What the exercise asks — Can you write out every line from the start of the records below through the line containing "Camera HFOV: 67.6 deg.", leaving out any pictures?

::: Material for this task

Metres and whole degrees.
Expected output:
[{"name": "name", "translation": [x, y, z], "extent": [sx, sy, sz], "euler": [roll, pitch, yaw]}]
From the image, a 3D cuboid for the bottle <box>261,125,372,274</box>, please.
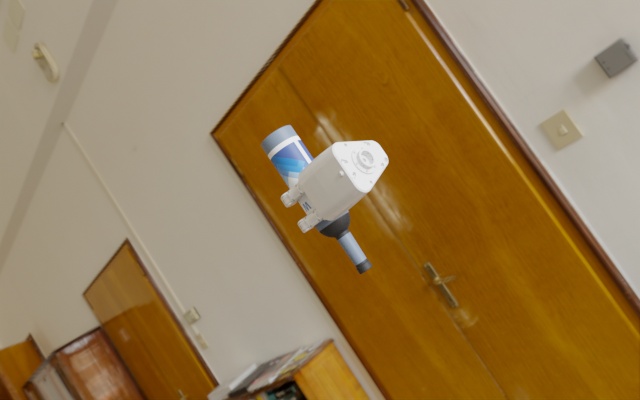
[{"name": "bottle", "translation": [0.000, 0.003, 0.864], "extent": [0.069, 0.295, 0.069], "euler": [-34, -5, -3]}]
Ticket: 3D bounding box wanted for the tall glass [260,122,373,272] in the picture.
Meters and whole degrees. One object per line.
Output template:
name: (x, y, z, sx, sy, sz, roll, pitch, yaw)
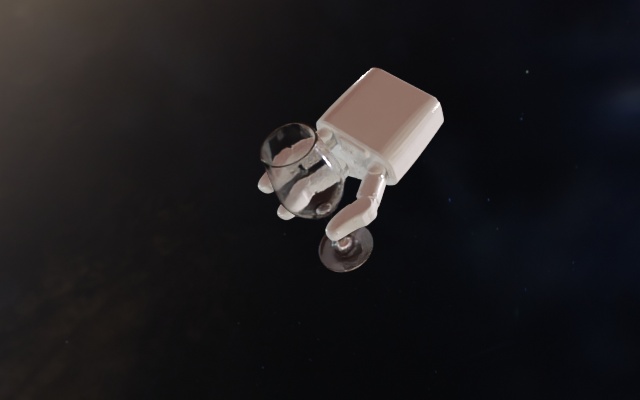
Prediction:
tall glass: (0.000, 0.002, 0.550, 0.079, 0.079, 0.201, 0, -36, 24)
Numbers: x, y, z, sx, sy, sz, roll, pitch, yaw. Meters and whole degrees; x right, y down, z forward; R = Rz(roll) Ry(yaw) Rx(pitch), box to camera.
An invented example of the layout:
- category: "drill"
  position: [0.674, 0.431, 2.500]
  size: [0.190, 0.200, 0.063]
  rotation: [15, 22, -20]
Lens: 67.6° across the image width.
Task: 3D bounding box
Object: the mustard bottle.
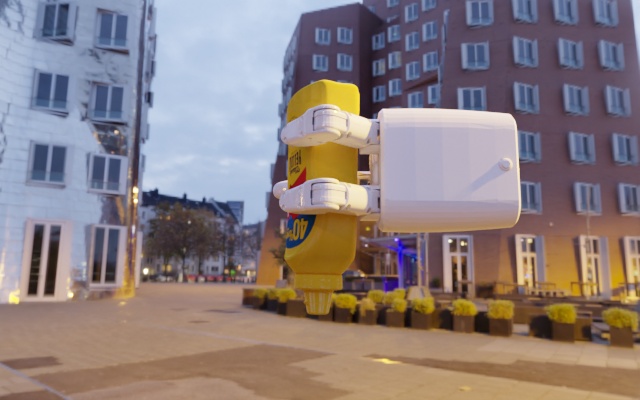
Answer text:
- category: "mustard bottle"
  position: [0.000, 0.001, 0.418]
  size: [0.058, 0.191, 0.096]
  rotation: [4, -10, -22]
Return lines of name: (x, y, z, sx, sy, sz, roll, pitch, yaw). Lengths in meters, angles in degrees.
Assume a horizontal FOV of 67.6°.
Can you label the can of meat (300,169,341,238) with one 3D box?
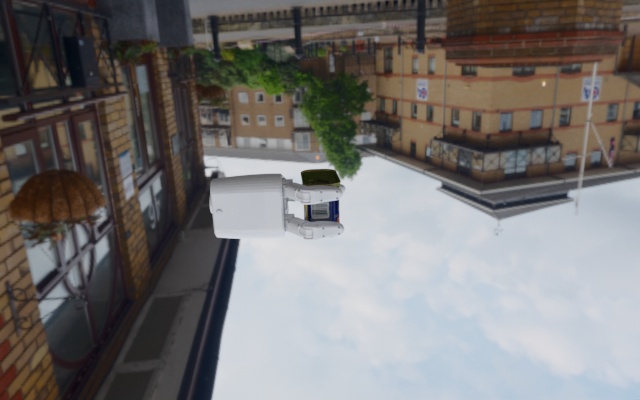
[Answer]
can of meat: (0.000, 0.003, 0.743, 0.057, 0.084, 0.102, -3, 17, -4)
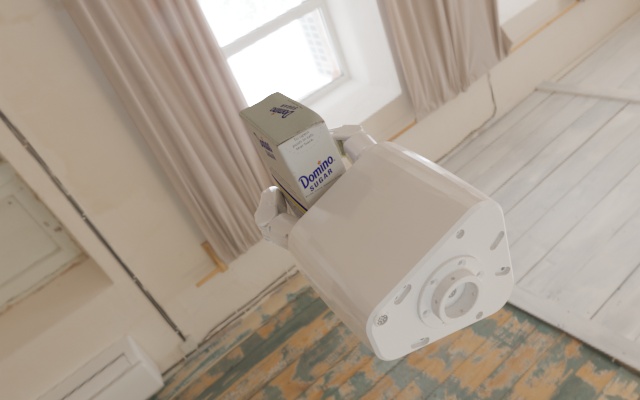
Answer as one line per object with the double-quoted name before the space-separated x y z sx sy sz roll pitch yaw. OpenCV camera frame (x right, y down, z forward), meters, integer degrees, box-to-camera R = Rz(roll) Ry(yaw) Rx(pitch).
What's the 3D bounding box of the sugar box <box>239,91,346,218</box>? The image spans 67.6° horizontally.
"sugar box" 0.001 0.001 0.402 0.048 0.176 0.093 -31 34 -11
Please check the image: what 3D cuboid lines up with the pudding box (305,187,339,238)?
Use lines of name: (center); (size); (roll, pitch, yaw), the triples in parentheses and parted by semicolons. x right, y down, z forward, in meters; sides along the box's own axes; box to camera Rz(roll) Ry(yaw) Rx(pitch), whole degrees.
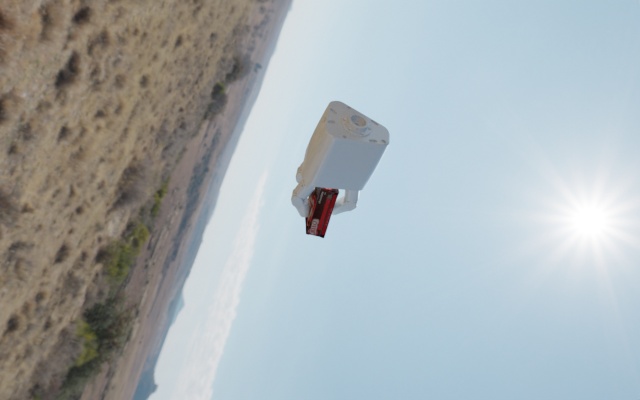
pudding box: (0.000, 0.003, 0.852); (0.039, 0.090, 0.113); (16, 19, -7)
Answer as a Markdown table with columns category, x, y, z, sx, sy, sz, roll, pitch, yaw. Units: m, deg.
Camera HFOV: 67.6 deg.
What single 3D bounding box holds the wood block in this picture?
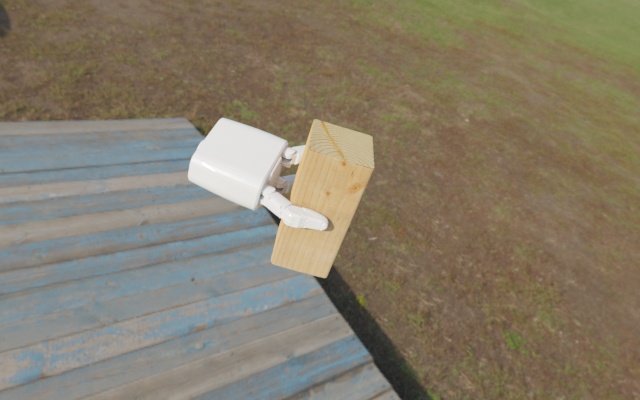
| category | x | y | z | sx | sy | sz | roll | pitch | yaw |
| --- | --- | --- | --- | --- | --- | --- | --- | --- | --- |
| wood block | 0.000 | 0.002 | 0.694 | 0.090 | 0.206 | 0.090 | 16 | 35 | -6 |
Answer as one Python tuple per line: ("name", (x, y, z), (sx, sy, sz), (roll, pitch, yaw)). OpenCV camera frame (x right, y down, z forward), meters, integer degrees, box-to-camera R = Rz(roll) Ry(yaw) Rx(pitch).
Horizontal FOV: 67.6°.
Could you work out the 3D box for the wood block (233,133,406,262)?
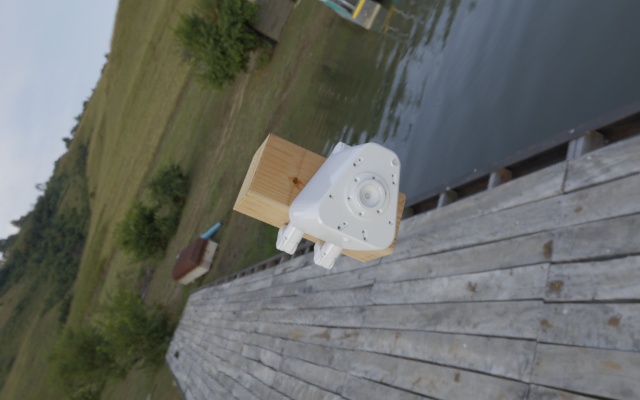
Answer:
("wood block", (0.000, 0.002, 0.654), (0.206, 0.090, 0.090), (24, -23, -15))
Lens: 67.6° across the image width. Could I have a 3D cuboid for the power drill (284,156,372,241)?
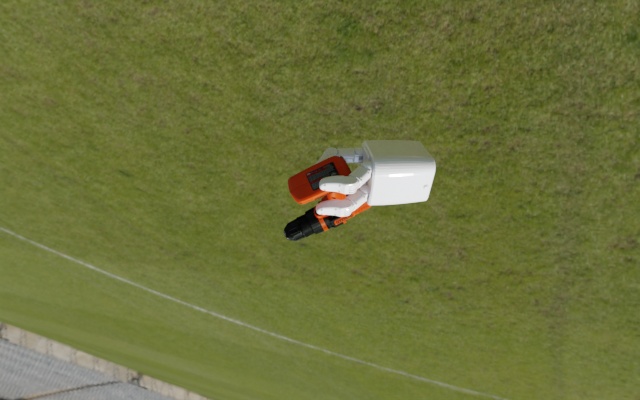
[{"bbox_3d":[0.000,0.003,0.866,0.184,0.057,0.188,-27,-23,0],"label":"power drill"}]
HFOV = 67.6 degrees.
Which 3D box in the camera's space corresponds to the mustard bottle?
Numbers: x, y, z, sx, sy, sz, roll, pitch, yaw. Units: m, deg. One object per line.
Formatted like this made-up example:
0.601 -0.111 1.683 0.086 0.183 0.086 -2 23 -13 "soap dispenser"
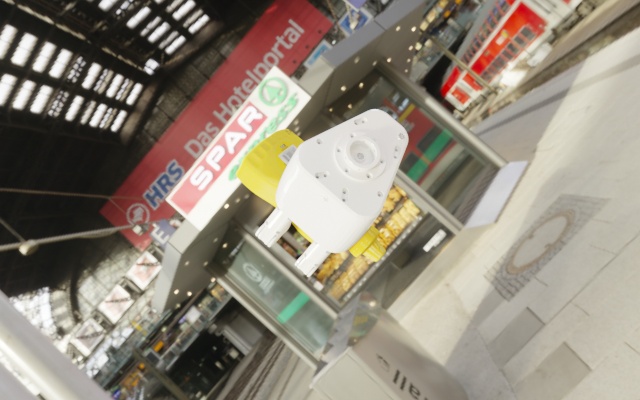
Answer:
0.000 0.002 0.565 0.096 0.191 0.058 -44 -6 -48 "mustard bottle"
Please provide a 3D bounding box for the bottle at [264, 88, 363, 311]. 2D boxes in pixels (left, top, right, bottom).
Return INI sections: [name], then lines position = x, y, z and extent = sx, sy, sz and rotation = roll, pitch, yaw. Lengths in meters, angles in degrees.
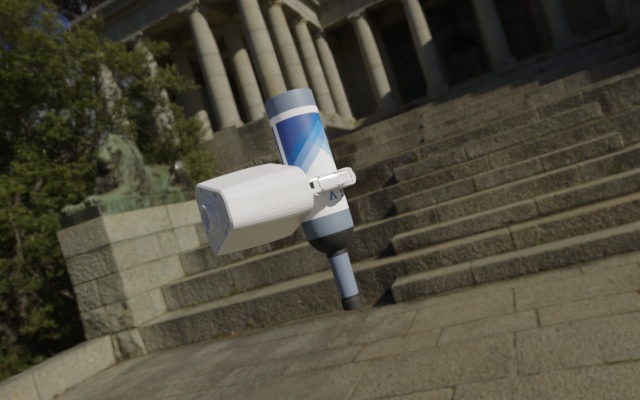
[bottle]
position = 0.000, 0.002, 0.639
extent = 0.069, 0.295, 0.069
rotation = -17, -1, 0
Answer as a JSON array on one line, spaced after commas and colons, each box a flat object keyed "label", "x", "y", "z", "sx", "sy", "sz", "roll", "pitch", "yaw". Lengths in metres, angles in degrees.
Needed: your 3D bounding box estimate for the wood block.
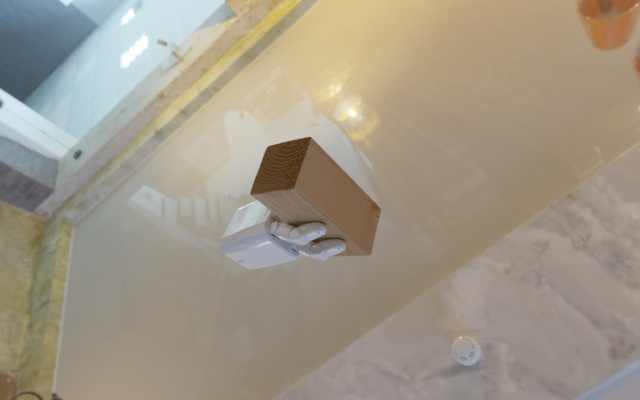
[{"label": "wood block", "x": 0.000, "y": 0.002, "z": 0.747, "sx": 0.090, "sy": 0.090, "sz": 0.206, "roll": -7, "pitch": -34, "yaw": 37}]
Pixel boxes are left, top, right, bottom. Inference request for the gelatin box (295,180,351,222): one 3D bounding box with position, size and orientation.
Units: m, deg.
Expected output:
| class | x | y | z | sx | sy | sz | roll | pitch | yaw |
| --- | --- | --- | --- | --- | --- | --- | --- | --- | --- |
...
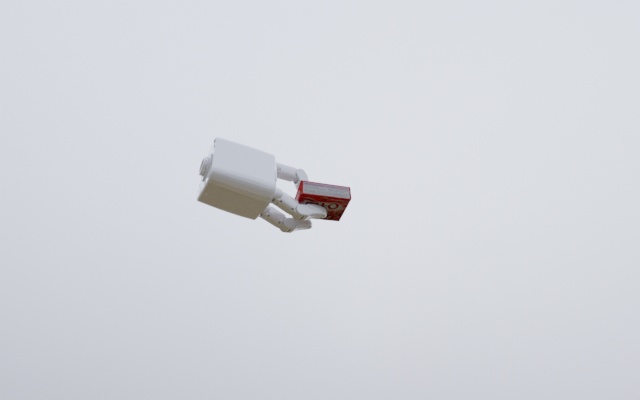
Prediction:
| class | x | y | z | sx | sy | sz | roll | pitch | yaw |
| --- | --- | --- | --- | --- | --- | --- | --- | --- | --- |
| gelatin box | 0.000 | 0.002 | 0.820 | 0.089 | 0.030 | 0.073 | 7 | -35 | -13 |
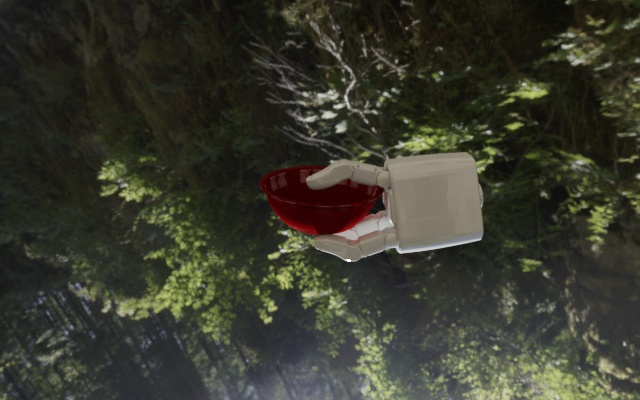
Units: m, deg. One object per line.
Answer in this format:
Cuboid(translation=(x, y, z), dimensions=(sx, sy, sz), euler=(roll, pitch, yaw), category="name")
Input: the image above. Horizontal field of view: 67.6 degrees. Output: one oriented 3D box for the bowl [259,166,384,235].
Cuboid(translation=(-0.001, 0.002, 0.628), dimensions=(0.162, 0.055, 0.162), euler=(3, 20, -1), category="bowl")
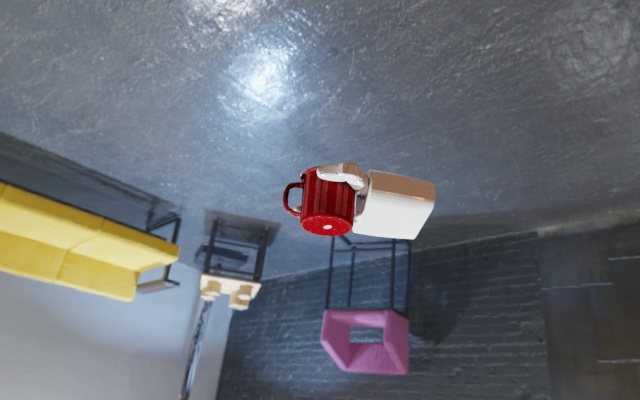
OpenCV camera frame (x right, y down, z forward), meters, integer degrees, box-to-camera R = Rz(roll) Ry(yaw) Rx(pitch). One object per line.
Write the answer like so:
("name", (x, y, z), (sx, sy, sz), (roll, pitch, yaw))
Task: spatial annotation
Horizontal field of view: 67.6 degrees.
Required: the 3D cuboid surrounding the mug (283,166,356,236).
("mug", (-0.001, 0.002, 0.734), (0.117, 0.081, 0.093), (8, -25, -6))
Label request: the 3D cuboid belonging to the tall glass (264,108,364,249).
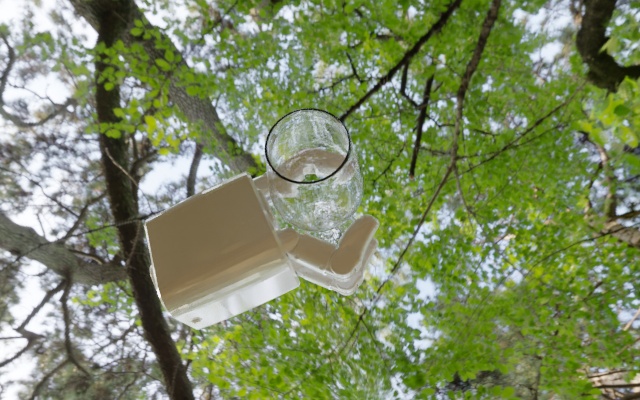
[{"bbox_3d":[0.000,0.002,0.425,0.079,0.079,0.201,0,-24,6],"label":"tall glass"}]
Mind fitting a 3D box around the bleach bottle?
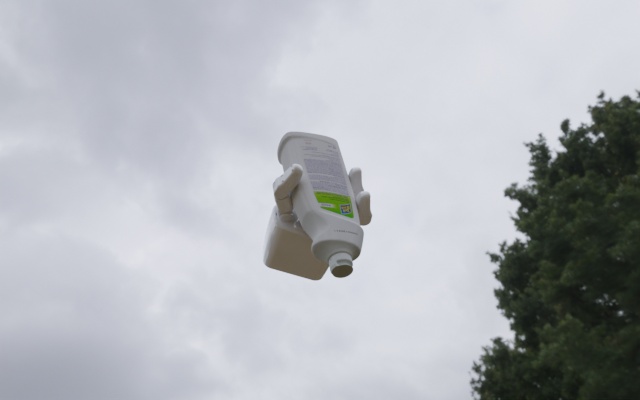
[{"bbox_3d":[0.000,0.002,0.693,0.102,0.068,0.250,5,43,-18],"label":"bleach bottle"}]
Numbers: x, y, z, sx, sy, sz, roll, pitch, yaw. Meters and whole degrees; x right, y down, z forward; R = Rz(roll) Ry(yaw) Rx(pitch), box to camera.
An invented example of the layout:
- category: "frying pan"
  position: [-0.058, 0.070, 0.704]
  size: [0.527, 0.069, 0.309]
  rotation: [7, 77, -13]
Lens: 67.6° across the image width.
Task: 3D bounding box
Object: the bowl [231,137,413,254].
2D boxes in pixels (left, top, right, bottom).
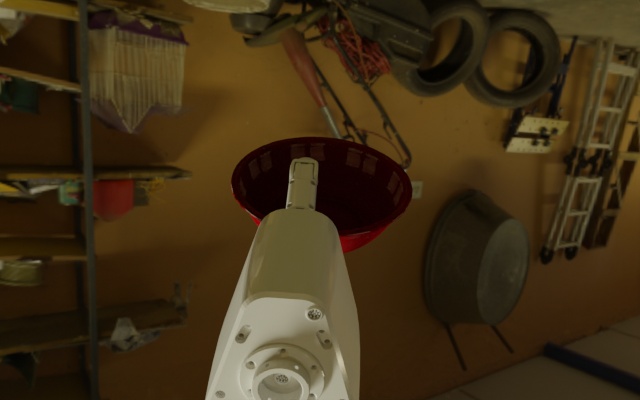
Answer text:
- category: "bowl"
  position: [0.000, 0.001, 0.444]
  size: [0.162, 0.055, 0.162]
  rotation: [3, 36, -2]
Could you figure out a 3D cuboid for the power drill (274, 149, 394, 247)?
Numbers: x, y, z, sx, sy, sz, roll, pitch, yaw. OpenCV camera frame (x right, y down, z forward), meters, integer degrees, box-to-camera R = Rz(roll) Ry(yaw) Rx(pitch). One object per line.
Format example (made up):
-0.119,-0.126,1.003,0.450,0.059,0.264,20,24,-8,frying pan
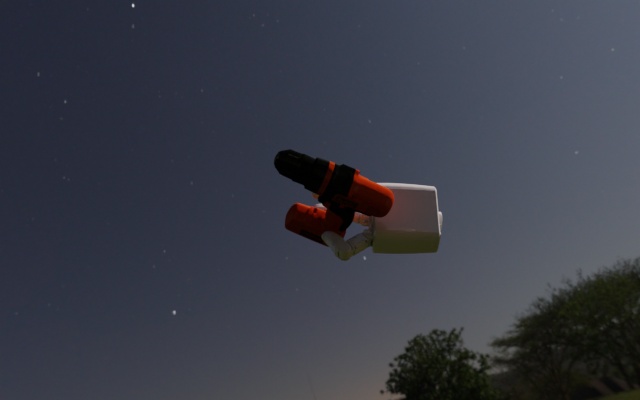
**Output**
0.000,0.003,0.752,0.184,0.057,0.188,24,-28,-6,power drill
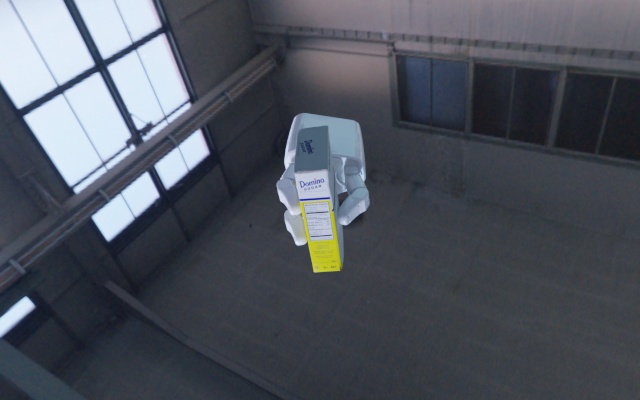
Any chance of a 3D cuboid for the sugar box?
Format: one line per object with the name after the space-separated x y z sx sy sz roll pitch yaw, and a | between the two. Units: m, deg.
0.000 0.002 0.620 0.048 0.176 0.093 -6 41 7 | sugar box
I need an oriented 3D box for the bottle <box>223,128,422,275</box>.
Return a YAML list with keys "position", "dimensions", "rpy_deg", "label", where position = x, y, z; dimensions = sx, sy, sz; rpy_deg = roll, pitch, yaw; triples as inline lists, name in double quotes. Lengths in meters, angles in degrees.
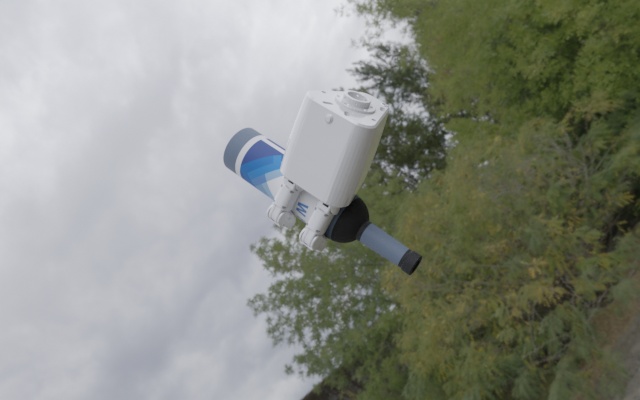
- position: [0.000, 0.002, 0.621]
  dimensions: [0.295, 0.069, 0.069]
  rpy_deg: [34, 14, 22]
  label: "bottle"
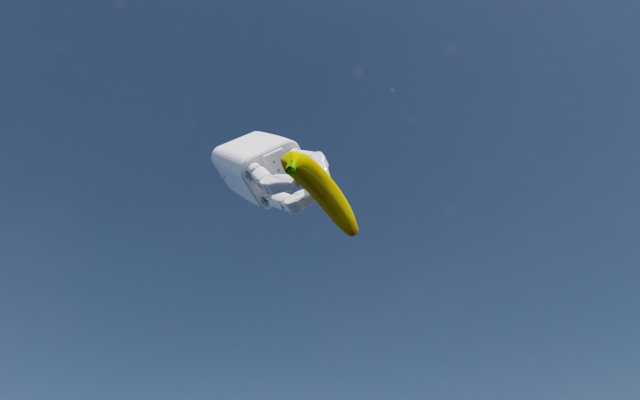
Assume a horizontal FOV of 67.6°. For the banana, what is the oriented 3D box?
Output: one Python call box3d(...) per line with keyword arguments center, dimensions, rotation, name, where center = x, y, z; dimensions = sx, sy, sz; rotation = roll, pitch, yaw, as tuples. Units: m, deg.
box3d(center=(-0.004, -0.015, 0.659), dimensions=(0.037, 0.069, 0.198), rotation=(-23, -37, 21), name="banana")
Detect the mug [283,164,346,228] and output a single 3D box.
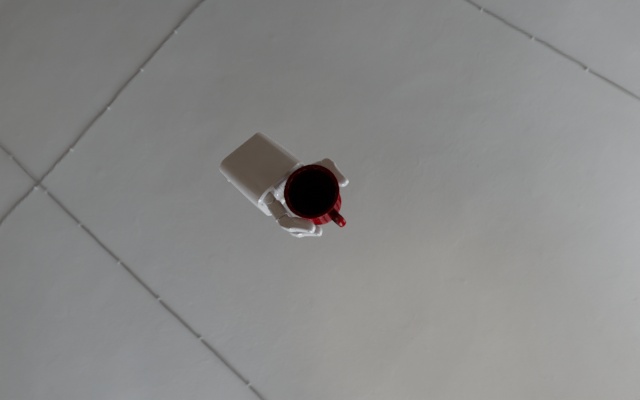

::::::

Answer box —
Metres and whole degrees.
Expected output:
[{"name": "name", "translation": [x, y, z], "extent": [sx, sy, sz], "euler": [roll, pitch, yaw]}]
From the image, a 3D cuboid for the bottle <box>261,125,372,274</box>, please.
[{"name": "bottle", "translation": [0.000, 0.003, 0.864], "extent": [0.069, 0.295, 0.069], "euler": [-34, -5, -3]}]
Ticket: 3D bounding box wanted for the tall glass [260,122,373,272] in the picture.
Meters and whole degrees. One object per line.
Output template:
name: (x, y, z, sx, sy, sz, roll, pitch, yaw)
Prediction:
tall glass: (0.000, 0.002, 0.550, 0.079, 0.079, 0.201, 0, -36, 24)
Numbers: x, y, z, sx, sy, sz, roll, pitch, yaw. Meters and whole degrees; x right, y down, z forward; R = Rz(roll) Ry(yaw) Rx(pitch), box to camera.
An invented example of the layout:
- category: "drill"
  position: [0.674, 0.431, 2.500]
  size: [0.190, 0.200, 0.063]
  rotation: [15, 22, -20]
Lens: 67.6° across the image width.
Task: 3D bounding box
Object: the mustard bottle.
Answer text:
- category: "mustard bottle"
  position: [0.000, 0.001, 0.418]
  size: [0.058, 0.191, 0.096]
  rotation: [4, -10, -22]
Return lines of name: (x, y, z, sx, sy, sz, roll, pitch, yaw). Lengths in meters, angles in degrees.
Assume a horizontal FOV of 67.6°.
Can you label the can of meat (300,169,341,238) with one 3D box?
[Answer]
can of meat: (0.000, 0.003, 0.743, 0.057, 0.084, 0.102, -3, 17, -4)
Answer as one line per object with the double-quoted name before the space-separated x y z sx sy sz roll pitch yaw. OpenCV camera frame (x right, y down, z forward), meters, integer degrees, box-to-camera R = Rz(roll) Ry(yaw) Rx(pitch).
What's the 3D bounding box of the sugar box <box>239,91,346,218</box>? The image spans 67.6° horizontally.
"sugar box" 0.001 0.001 0.402 0.048 0.176 0.093 -31 34 -11
Please check the image: what 3D cuboid lines up with the pudding box (305,187,339,238)?
Use lines of name: (center); (size); (roll, pitch, yaw), the triples in parentheses and parted by semicolons. x right, y down, z forward, in meters; sides along the box's own axes; box to camera Rz(roll) Ry(yaw) Rx(pitch), whole degrees.
pudding box: (0.000, 0.003, 0.852); (0.039, 0.090, 0.113); (16, 19, -7)
Answer as a Markdown table with columns category, x, y, z, sx, sy, sz, roll, pitch, yaw. Units: m, deg.
Camera HFOV: 67.6 deg.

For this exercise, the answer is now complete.